Algunos juzgan estos cambios como escandalosos, mientras la mayoría, en la


lucha por su propia subsistencia, se habitúa a convivir con ellos. Yo no me propongo
aquí criticarlos ni aprobarlos, sino sólo preguntar si no es hora de que el pensamiento
jurídico tome nota de lo que sucede. En efecto, si consideramos la situación con alguna
perspectiva menos ideológica que la que suele emplearse en temas de esta clase,
podríamos preguntarnos qué función cumple en nuestros días la familia como
institución jurídica, frente al estado de la familia como institución social.

No estamos, en efecto, frente a una degradación de las costumbres, idea ésta que
presupone un estado paradigmático al que es preciso retornar: la evolución económica,
social y tecnológica viene operando desde hace tiempo sobre las conciencias, de tal
manera que no hay vuelta atrás posible.

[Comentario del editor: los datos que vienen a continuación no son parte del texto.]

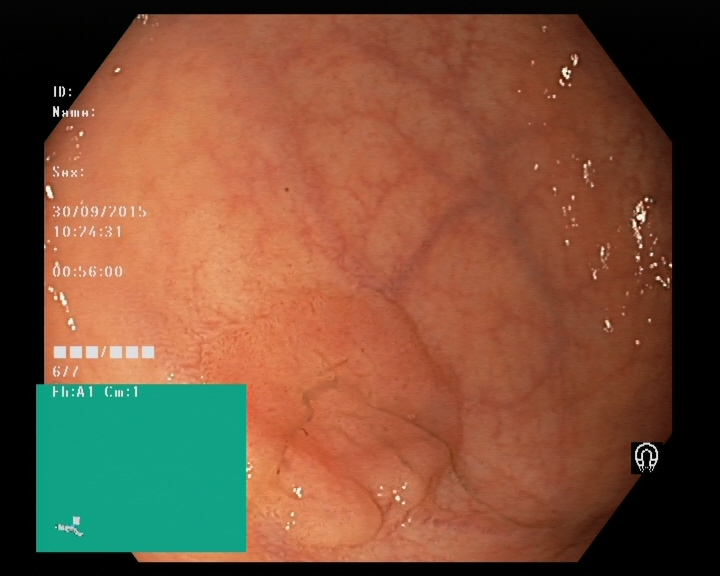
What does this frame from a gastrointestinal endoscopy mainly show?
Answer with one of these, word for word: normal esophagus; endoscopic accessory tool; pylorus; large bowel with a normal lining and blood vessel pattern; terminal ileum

large bowel with a normal lining and blood vessel pattern

Hombres y mujeres siguen encontrándose,
amándose, conviviendo, procreando y alejándose, pero no se ajustan a la taxonomía
tradicional con el fervor de antaño. Es que ese ajuste es impuesto cada vez menos por
las condiciones materiales, que fueron la base primitiva de la institución, y más por
razones sentimentales que hacen de aquella institución algo parecido a un traje de
domingo que, aunque conserva su brillo, muchos encuentran un poco incómodo.

Como este cambio está produciéndose todavía y aún no ha alcanzado a todos los
grupos de la sociedad, es tiempo para planificar instituciones civiles que coincidan
mejor con esa evolución. Una buena idea puede ser independizar el patrimonio del
matrimonio y asegurar a cada individuo en todo momento la libre administración y
disposición de sus propios bienes, sin perjuicio de las obligaciones solidarias derivadas
de la convivencia y de los deberes de los progenitores respecto de sus hijos. Y otra
buena idea sería abolir el concepto jurídico de “estado civil”, suprimir toda distinción o
discriminación legal entre varones y mujeres, salvo en cuanto la biología lo haga
indispensable, y respetar la inclinación de cada uno a convivir o a dejar de convivir con
quien le parezca como una elección personal que se adopta de a dos, en la que cada
persona se haga responsable frente a la otra (y, claro, frente a los hijos) por las
consecuencias fácticas de aquella decisión conjunta.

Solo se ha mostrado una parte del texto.